In contrast, commercial temperature simulators do not require instrumentation or environment isolation. However, they are typically expensive and may take several hours to days to simulate a realistic system. Worst of all, these simulators are not capable of executing applications or any type of systems software; they typically compute steady-state temperatures based on a fixed power consumption for each hardware component. Other simulators, such as HotSpot, do execute applications (bypassing the systems software) but only model the processor, rather than the entire system.

Mercury is a software suite that avoids these limitations by accurately emulating temperatures based on simple layout, hardware, and component utilization data.

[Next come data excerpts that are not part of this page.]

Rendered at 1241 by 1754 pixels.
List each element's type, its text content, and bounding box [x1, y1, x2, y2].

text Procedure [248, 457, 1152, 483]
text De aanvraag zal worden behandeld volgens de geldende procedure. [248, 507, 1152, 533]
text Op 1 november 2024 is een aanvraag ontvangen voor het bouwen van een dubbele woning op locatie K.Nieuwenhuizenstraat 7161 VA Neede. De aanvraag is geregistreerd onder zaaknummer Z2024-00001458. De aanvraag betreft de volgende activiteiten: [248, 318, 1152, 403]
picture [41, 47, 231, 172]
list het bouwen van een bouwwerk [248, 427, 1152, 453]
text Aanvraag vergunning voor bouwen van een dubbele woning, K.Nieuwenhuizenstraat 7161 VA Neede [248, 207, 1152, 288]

Most importantly, Mercury runs the entire software stack natively, enables repeatable experiments, and allows the study of thermal emergencies without harming hardware reliability.

  + A Brief Description of the Mercury Suite
  + Download Mercury 1.1
  + User Guidelines
  + Installing Mercury
  + Calibrating Mercury
  + Running Mercury
  + Experimental Results on a Dell PowerEdge 2850
  + Acknowledgments
Please cite our ASPLOS 2006 paper (full reference below) in case you actually use Mercury in experiments to be reported in the computing literature.

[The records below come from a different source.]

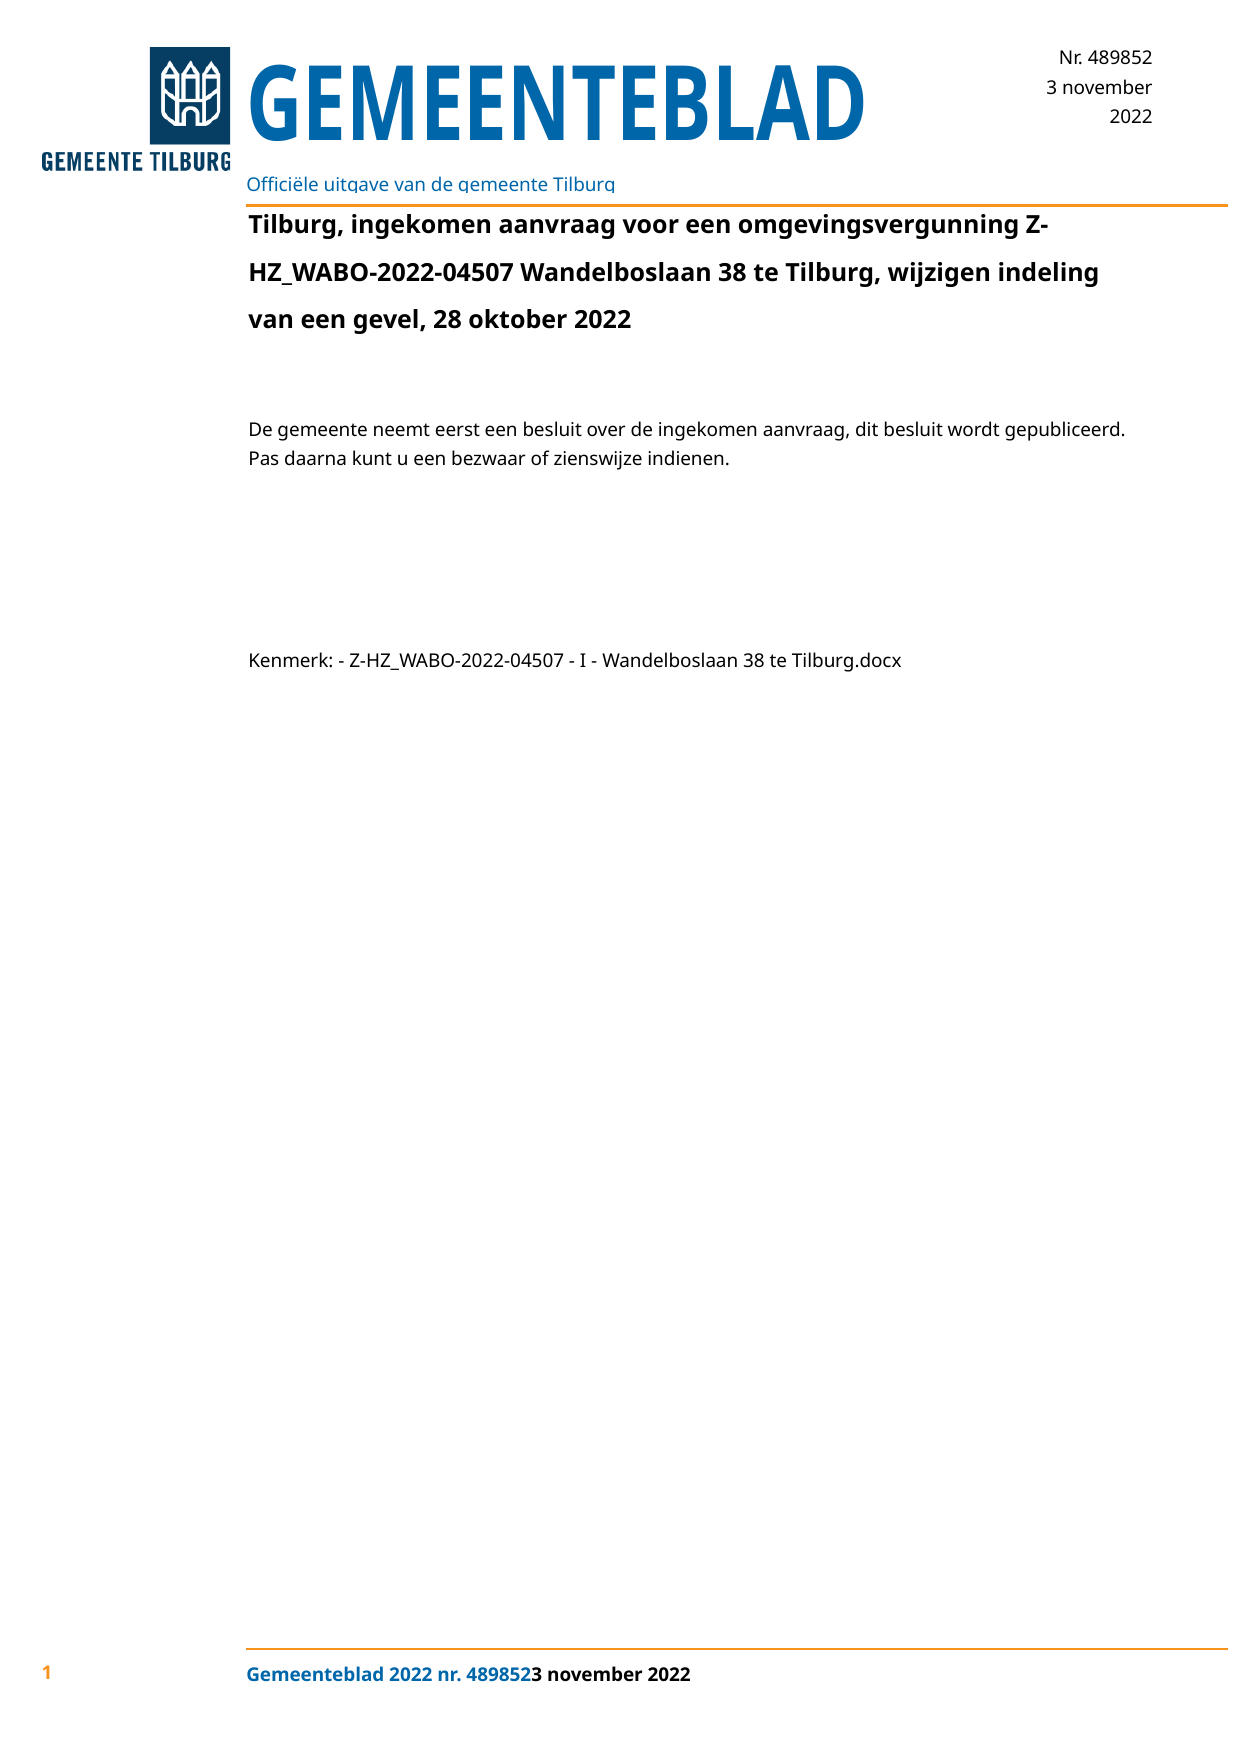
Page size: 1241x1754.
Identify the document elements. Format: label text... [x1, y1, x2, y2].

picture [41, 47, 231, 172]
text De gemeente neemt eerst een besluit over de ingekomen aanvraag, dit besluit wordt gepubliceerd. Pas daarna kunt u een bezwaar of zienswijze indienen. [248, 416, 1152, 471]
text Kenmerk: - Z-HZ_WABO-2022-04507 - I - Wandelboslaan 38 te Tilburg.docx [248, 647, 1152, 673]
text Tilburg, ingekomen aanvraag voor een omgevingsvergunning Z-HZ_WABO-2022-04507 Wandelboslaan 38 te Tilburg, wijzigen indeling van een gevel, 28 oktober 2022 [248, 207, 1152, 336]
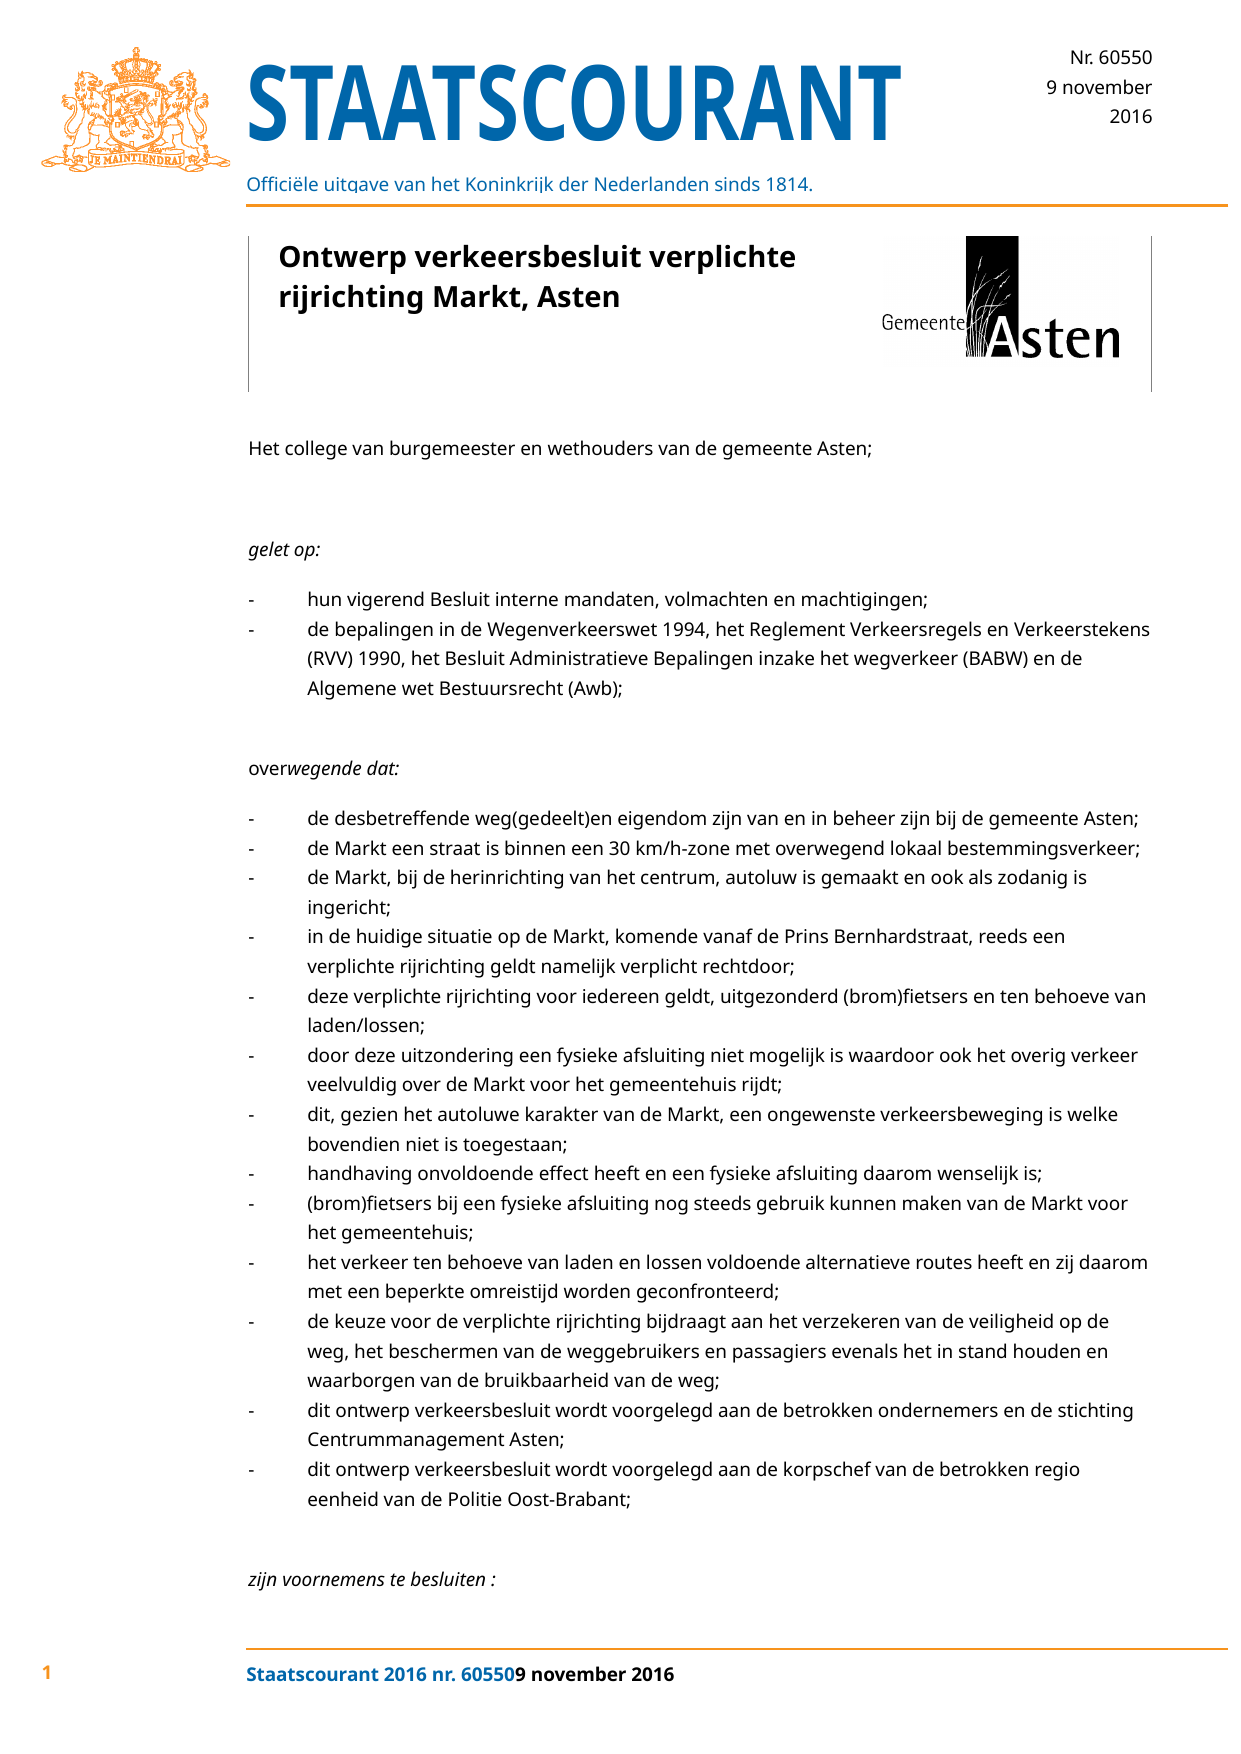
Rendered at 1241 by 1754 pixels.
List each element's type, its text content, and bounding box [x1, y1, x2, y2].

list de desbetreffende weg(gedeelt)en eigendom zijn van en in beheer zijn bij de gemeente Asten; [248, 805, 1152, 831]
table_header Ontwerp verkeersbesluit verplichte rijrichting Markt, Asten [249, 236, 850, 392]
list (brom)fietsers bij een fysieke afsluiting nog steeds gebruik kunnen maken van de Markt voor het gemeentehuis; [248, 1190, 1152, 1245]
list door deze uitzondering een fysieke afsluiting niet mogelijk is waardoor ook het overig verkeer veelvuldig over de Markt voor het gemeentehuis rijdt; [248, 1042, 1152, 1097]
text gelet op: [248, 536, 1152, 562]
list het verkeer ten behoeve van laden en lossen voldoende alternatieve routes heeft en zij daarom met een beperkte omreistijd worden geconfronteerd; [248, 1249, 1152, 1304]
list dit ontwerp verkeersbesluit wordt voorgelegd aan de betrokken ondernemers en de stichting Centrummanagement Asten; [248, 1397, 1152, 1452]
list de keuze voor de verplichte rijrichting bijdraagt aan het verzekeren van de veiligheid op de weg, het beschermen van de weggebruikers en passagiers evenals het in stand houden en waarborgen van de bruikbaarheid van de weg; [248, 1308, 1152, 1393]
list handhaving onvoldoende effect heeft en een fysieke afsluiting daarom wenselijk is; [248, 1160, 1152, 1186]
picture [882, 236, 1119, 367]
list de bepalingen in de Wegenverkeerswet 1994, het Reglement Verkeersregels en Verkeerstekens (RVV) 1990, het Besluit Administratieve Bepalingen inzake het wegverkeer (BABW) en de Algemene wet Bestuursrecht (Awb); [248, 616, 1152, 701]
list hun vigerend Besluit interne mandaten, volmachten en machtigingen; [248, 586, 1152, 612]
list de Markt een straat is binnen een 30 km/h-zone met overwegend lokaal bestemmingsverkeer; [248, 835, 1152, 861]
table_header [850, 236, 1151, 392]
list de Markt, bij de herinrichting van het centrum, autoluw is gemaakt en ook als zodanig is ingericht; [248, 864, 1152, 920]
picture [41, 47, 231, 172]
list dit, gezien het autoluwe karakter van de Markt, een ongewenste verkeersbeweging is welke bovendien niet is toegestaan; [248, 1101, 1152, 1157]
list in de huidige situatie op de Markt, komende vanaf de Prins Bernhardstraat, reeds een verplichte rijrichting geldt namelijk verplicht rechtdoor; [248, 924, 1152, 979]
text zijn voornemens te besluiten : [248, 1566, 1152, 1592]
list dit ontwerp verkeersbesluit wordt voorgelegd aan de korpschef van de betrokken regio eenheid van de Politie Oost-Brabant; [248, 1456, 1152, 1512]
text Het college van burgemeester en wethouders van de gemeente Asten; [248, 435, 1152, 461]
list deze verplichte rijrichting voor iedereen geldt, uitgezonderd (brom)fietsers en ten behoeve van laden/lossen; [248, 983, 1152, 1038]
text overwegende dat: [248, 755, 1152, 781]

T. Heath, A. P. Centeno, P. George, L. Ramos, Y. Jaluria, and R. Bianchini. "Mercury and Freon: Temperature Emulation and Management for Server Systems". Proceedings of the International Conference on Architectural Support for Programming Languages and Operating Systems (ASPLOS), October 2006. Earlier version published as Technical Report DCS-TR-596, Department of Computer Science, Rutgers University, January 2006.

A Brief Description of the Mercury Suite

The main components of Mercury are:

Solver. The solver is the part of the suite that actually computes temperatures using finite-element analysis. It receives component utilization data from a trace file or from monitoring daemons. If the utilization data comes from a file, i.e. the system is run off-line, the end result is another file containing all the usage and temperature information for each component in the system over time. If the utilization data comes from the monitoring daemons (each of which running on a different machine than the solver), the applications or system software can query the solver for temperatures. Regardless of where the utilization data comes from, the solver computes temperatures at regular intervals; one iteration per second by default. All objects and air regions start the emulation at a user-defined initial air temperature.
[Man Page]

Monitoring daemon. The monitor daemon, called monitord, periodically samples the utilization of the components of the machine on which it is running and reports that information to the solver. The components considered are the CPU(s), disk(s), and network interface(s) and their utilization information is computed from /proc. For the Intel Pentium 4 processor, we developed an alternative version of monitord that monitors the hardware performance counters of the processor. The observed performance events are translated into an estimated energy, which is linearly translated into a "low-level CPU utilization". The frequency of utilization updates sent to the solver is a tunable parameter set to 1 second by default. Our current implementation uses 128-byte UDP messages to update the solver.
[Man Page]

Sensor library. Applications and system software can use Mercury through a simple runtime library API that comprises three calls: opensensor(), readsensor(), and closesensor(). The call opensensor() takes as parameters the address of the machine running the solver, the port number at that machine, and the component of which we want the temperature. It returns a file descriptor that can then be read with readsensor(). The read call involves communication with the solver to get the emulated sensor reading. The call closesensor() closes the sensor. With this interface, the programmer can treat Mercury as a regular, local sensor device. The program code below illustrates the use of these three calls to read the temperature of the local disk.
[Man Page]

Thermal emergency tool. To simulate temperature emergencies and other environmental changes, we created a tool called fiddle. Fiddle can force the solver to change any constant or temperature on-line. For example, the user can simulate the failure of an air conditioner or the accidental blocking of a machine's air inlet in a data center by explicitly setting high temperatures for some of the machine inlets. Fiddle can also be used to change airflow or power-consumption information dynamically, allowing us to emulate multi-speed fans and CPU-driven thermal management using voltage/frequency scaling or clock throttling.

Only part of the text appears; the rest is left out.